Beginning at whichever line contains "highest % of firms in Formally registered?", reproduce each line of the records below word for word, ending with the last, and add nothing.
══ INPUT DATA ══
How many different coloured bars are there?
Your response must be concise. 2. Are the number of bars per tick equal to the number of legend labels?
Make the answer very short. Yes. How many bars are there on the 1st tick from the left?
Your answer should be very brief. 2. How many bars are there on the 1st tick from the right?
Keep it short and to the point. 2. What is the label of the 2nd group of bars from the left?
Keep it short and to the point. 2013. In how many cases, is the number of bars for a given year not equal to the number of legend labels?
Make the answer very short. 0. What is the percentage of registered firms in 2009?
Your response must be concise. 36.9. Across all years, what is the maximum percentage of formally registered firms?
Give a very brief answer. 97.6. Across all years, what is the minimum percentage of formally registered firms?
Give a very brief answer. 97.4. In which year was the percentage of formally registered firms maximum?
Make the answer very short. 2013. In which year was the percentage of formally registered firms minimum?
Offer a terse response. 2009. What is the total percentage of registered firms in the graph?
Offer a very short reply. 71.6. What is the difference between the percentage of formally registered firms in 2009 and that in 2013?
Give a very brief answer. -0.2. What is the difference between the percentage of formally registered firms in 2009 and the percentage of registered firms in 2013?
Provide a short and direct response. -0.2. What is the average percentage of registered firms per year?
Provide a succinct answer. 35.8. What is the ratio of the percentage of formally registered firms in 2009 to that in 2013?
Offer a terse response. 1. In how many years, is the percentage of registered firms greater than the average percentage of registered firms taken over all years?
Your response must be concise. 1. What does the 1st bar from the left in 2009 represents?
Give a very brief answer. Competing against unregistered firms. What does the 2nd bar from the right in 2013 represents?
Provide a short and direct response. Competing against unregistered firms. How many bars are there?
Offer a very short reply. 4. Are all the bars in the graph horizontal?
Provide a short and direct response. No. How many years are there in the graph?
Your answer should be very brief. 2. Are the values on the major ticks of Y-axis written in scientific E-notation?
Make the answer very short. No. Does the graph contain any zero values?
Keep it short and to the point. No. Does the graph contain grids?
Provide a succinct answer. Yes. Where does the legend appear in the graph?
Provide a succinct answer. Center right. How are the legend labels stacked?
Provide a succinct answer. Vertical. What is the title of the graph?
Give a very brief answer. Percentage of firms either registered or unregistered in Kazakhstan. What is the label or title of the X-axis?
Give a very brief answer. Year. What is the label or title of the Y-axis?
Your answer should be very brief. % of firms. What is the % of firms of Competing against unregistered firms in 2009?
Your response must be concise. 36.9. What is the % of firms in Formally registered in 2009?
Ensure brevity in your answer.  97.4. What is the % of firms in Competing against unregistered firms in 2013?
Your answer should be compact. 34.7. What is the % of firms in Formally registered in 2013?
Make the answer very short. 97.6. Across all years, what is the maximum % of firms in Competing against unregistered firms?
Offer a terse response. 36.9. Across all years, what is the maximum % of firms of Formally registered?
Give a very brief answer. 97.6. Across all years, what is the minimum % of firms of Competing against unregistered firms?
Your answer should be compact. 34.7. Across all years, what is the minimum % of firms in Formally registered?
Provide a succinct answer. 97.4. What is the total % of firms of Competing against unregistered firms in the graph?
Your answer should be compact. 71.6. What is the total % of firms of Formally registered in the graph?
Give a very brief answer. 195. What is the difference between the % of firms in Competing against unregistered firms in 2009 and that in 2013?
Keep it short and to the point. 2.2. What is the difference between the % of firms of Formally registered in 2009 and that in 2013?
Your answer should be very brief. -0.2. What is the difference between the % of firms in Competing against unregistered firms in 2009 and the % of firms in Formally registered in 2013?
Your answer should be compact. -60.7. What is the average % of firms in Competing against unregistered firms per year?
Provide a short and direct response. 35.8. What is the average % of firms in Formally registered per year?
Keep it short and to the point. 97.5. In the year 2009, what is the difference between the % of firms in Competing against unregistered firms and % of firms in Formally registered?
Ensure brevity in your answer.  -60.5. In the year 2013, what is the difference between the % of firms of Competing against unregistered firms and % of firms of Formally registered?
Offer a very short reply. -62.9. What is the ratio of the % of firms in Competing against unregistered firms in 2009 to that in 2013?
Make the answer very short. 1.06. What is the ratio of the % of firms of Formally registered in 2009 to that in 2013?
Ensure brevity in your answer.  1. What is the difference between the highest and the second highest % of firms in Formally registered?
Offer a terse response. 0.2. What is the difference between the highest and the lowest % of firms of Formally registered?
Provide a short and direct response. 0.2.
═══
#### [FINAL ANSWER]
Ensure brevity in your answer.  1. What is the difference between the highest and the second highest % of firms in Formally registered?
Offer a terse response. 0.2. What is the difference between the highest and the lowest % of firms of Formally registered?
Provide a short and direct response. 0.2.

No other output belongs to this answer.